__Work to complete__. All lines below must be repeated exactly, with the pictures omitted.

__Records excerpted from a collection__.
□ □ □
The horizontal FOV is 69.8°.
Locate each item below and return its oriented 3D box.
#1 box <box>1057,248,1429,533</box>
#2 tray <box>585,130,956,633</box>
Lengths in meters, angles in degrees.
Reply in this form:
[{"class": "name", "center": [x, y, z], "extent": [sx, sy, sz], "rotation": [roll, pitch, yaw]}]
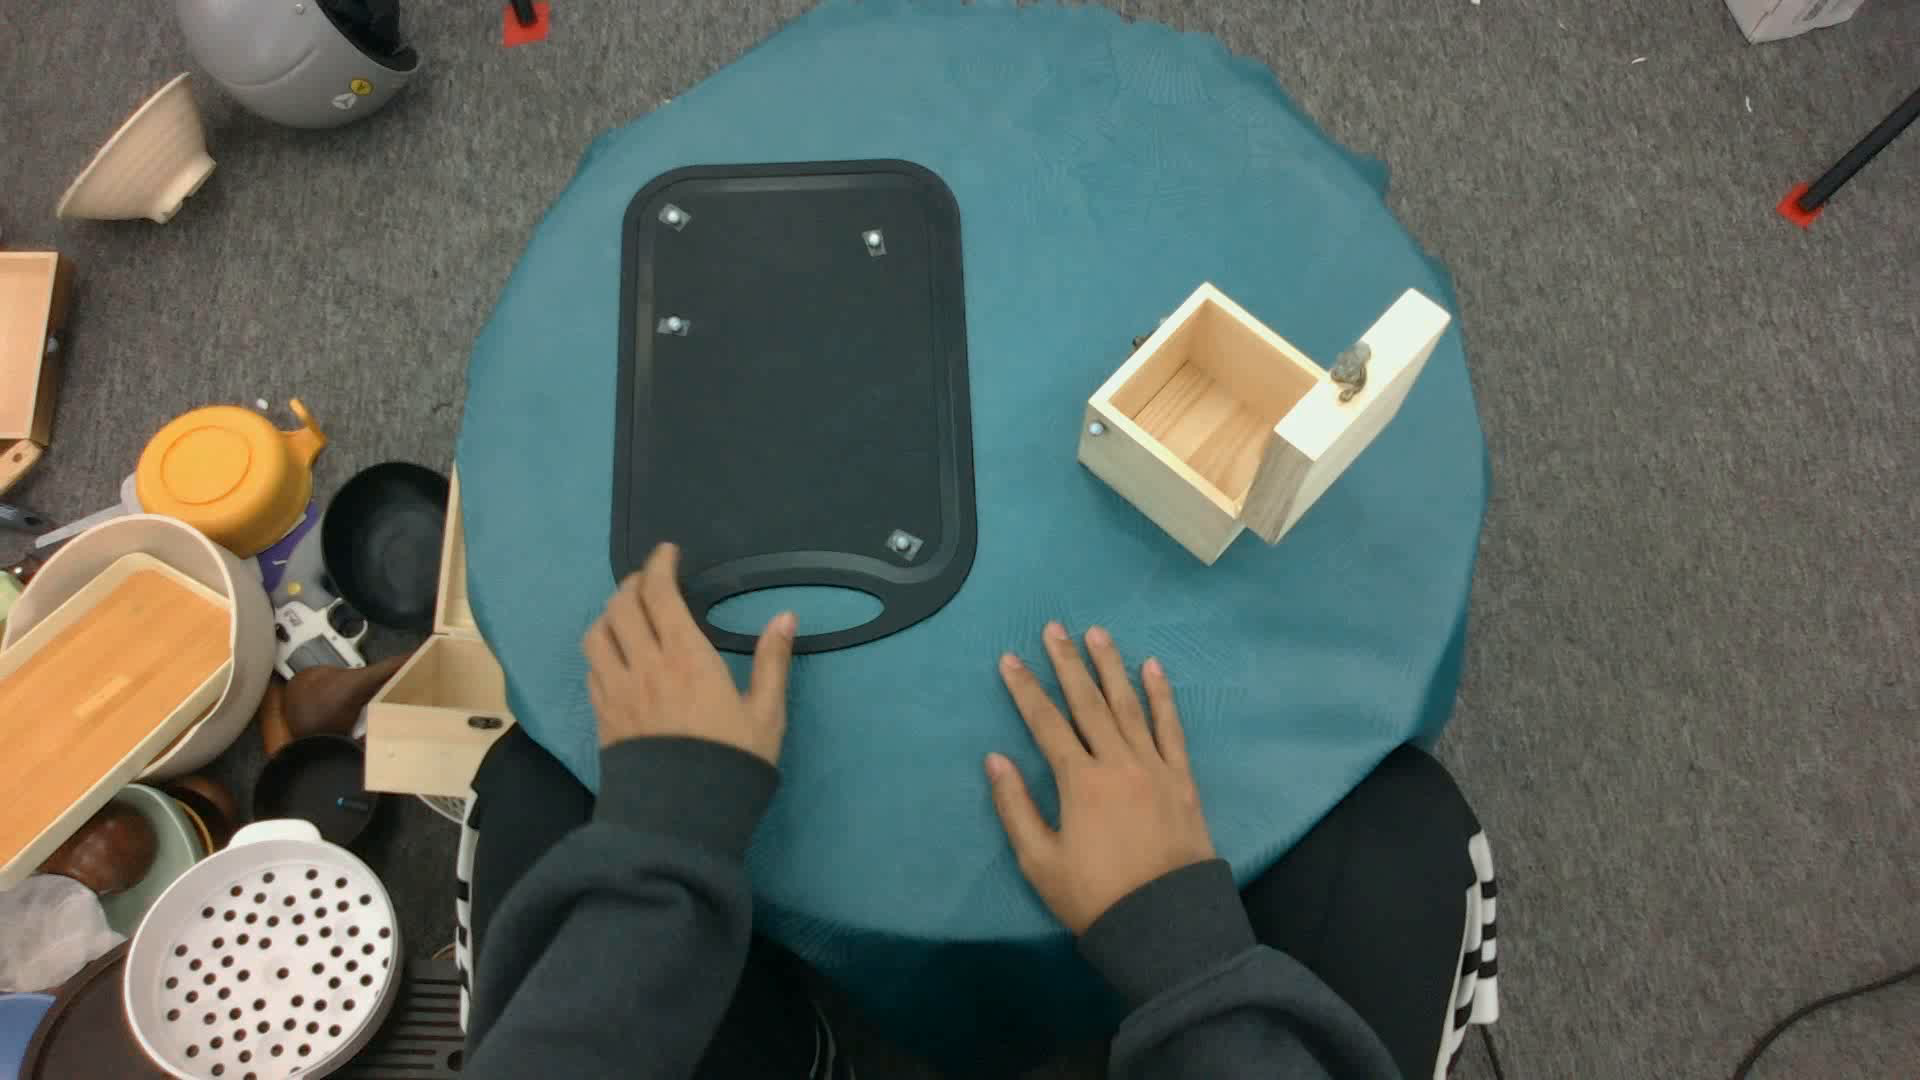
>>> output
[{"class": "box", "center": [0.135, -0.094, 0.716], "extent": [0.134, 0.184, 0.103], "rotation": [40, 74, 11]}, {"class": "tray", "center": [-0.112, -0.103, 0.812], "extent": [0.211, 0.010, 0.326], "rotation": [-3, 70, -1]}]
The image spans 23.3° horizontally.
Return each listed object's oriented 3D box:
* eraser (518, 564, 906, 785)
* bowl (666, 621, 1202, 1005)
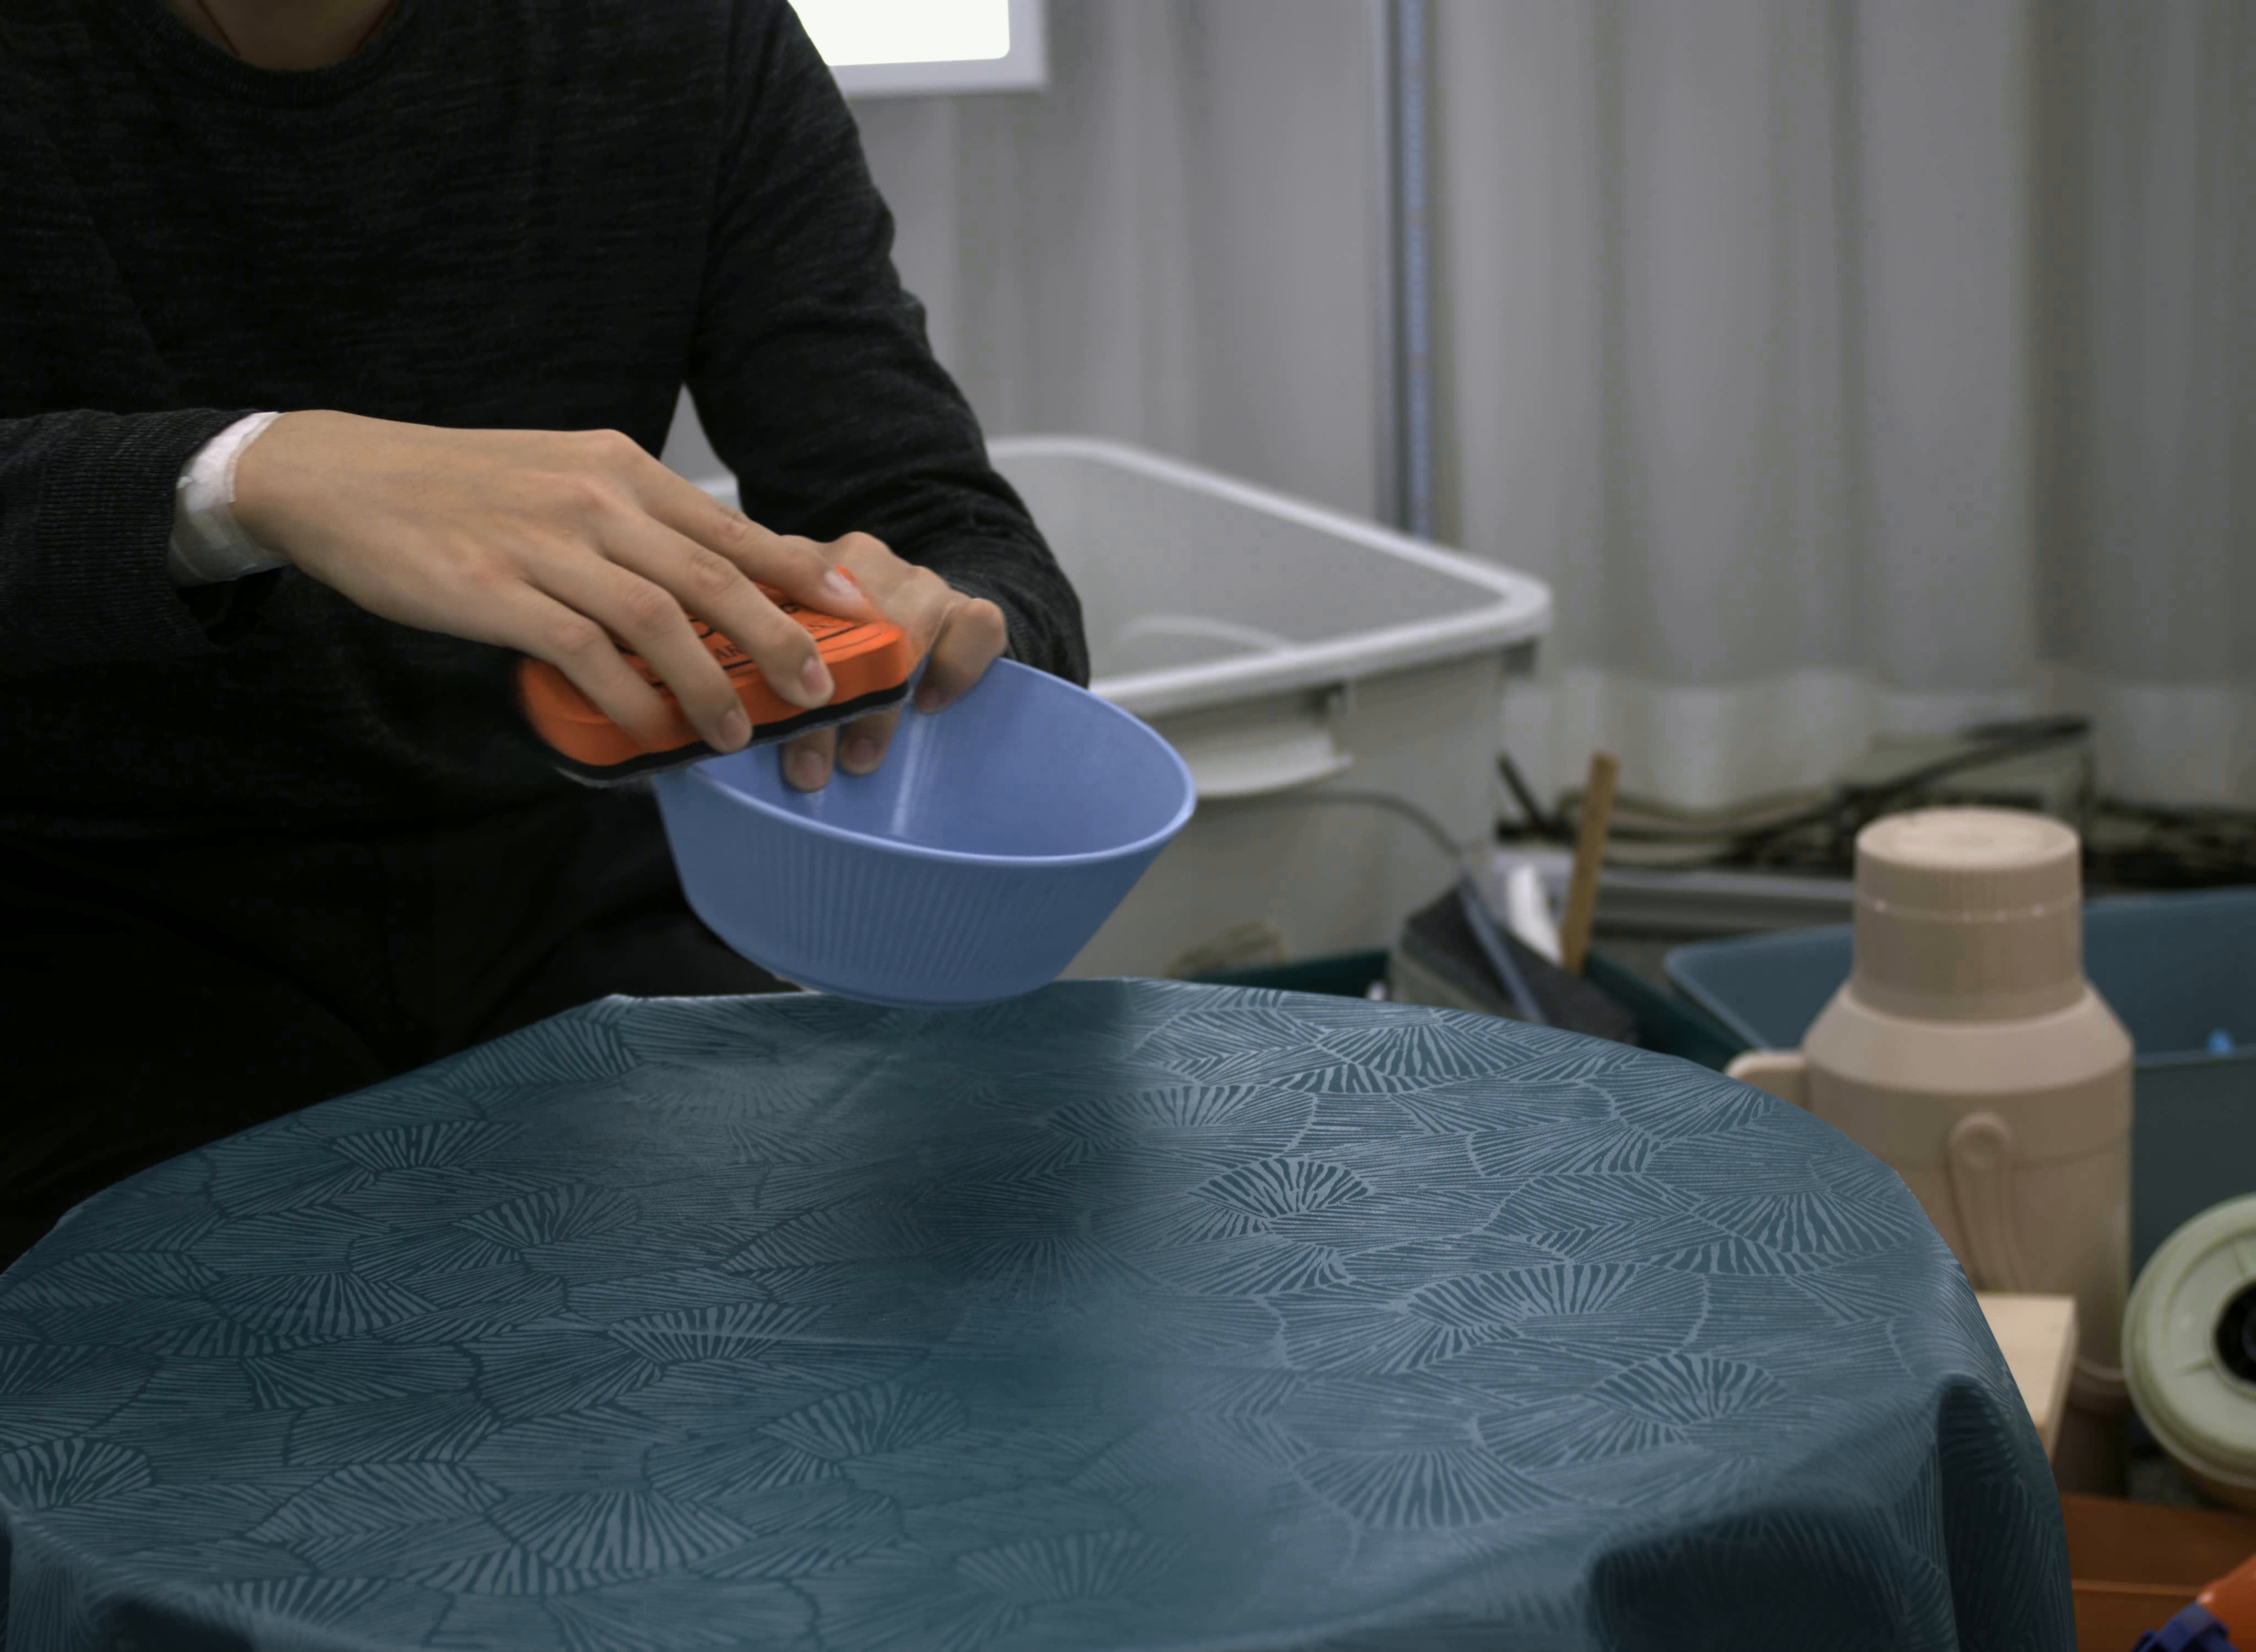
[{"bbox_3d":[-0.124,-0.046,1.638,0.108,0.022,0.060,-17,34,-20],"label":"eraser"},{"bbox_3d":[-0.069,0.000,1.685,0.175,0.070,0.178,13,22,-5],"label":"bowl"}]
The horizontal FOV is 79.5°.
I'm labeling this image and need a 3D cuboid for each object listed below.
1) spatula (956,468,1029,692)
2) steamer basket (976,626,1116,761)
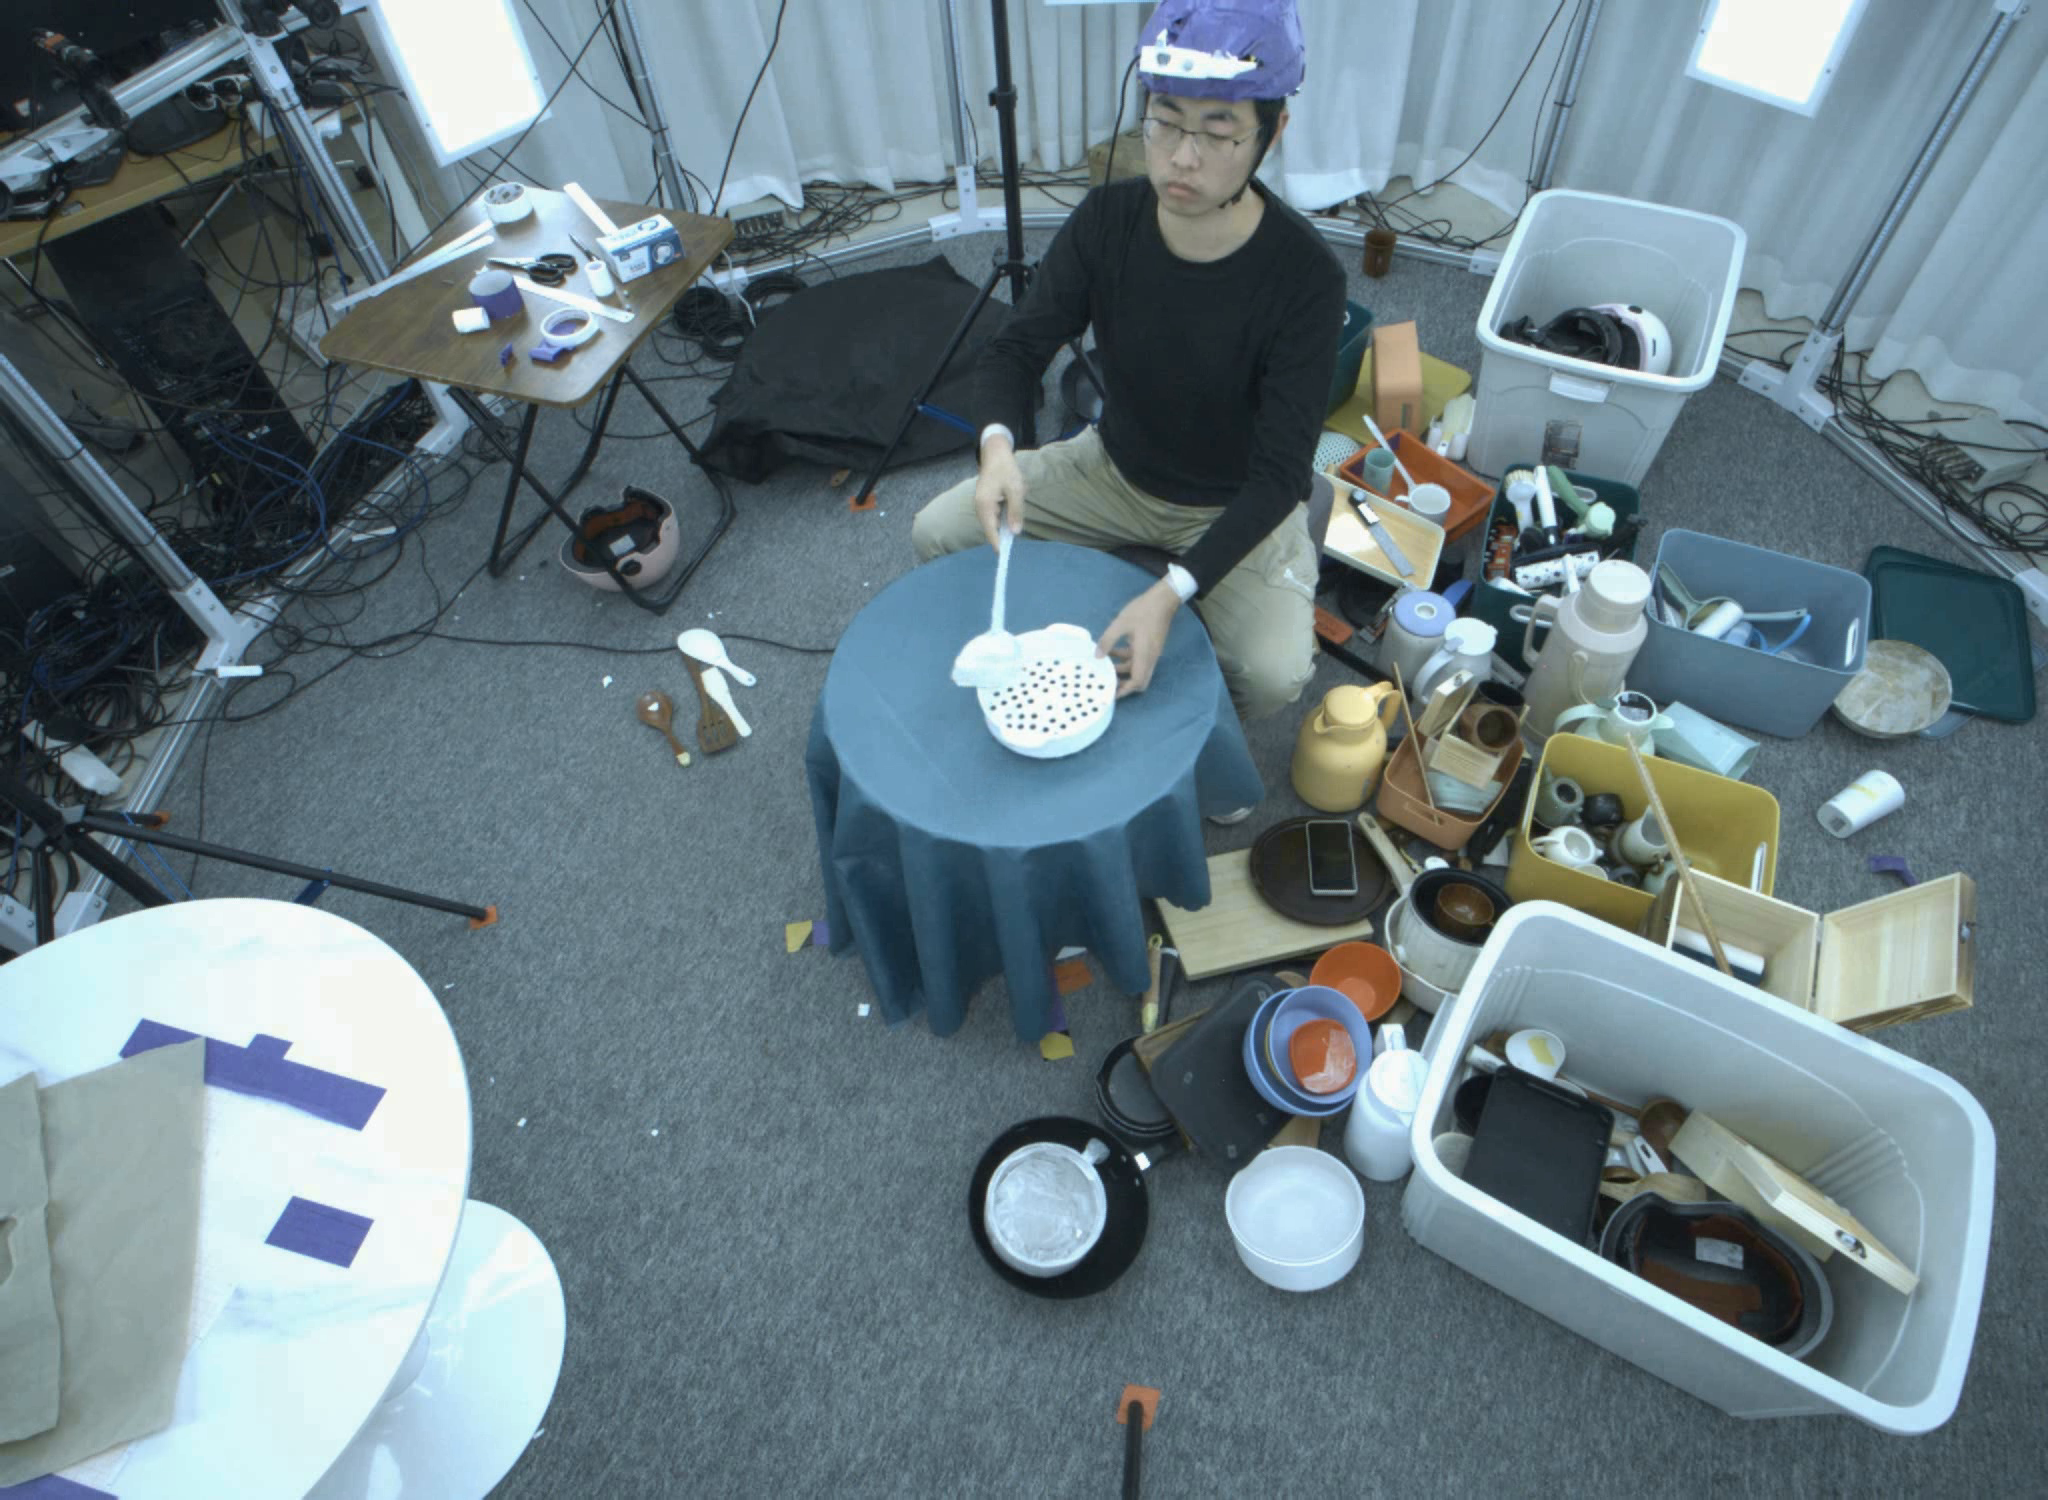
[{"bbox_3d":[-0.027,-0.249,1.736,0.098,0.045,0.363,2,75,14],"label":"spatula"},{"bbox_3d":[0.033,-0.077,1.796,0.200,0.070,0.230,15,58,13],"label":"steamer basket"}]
□ □ □
__Response to this exercise__.
The horizontal FOV is 69.8°.
Locate each item below and return its oriented 3D box.
#1 box <box>1057,248,1429,533</box>
#2 tray <box>585,130,956,633</box>
Lengths in meters, angles in degrees.
Reply in this form:
[{"class": "name", "center": [x, y, z], "extent": [sx, sy, sz], "rotation": [roll, pitch, yaw]}]
>>> output
[{"class": "box", "center": [0.135, -0.094, 0.716], "extent": [0.134, 0.184, 0.103], "rotation": [40, 74, 11]}, {"class": "tray", "center": [-0.112, -0.103, 0.812], "extent": [0.211, 0.010, 0.326], "rotation": [-3, 70, -1]}]
The image spans 23.3° horizontally.
Return each listed object's oriented 3D box:
* eraser (518, 564, 906, 785)
* bowl (666, 621, 1202, 1005)
[{"bbox_3d":[-0.124,-0.046,1.638,0.108,0.022,0.060,-17,34,-20],"label":"eraser"},{"bbox_3d":[-0.069,0.000,1.685,0.175,0.070,0.178,13,22,-5],"label":"bowl"}]
The horizontal FOV is 79.5°.
I'm labeling this image and need a 3D cuboid for each object listed below.
1) spatula (956,468,1029,692)
2) steamer basket (976,626,1116,761)
[{"bbox_3d":[-0.027,-0.249,1.736,0.098,0.045,0.363,2,75,14],"label":"spatula"},{"bbox_3d":[0.033,-0.077,1.796,0.200,0.070,0.230,15,58,13],"label":"steamer basket"}]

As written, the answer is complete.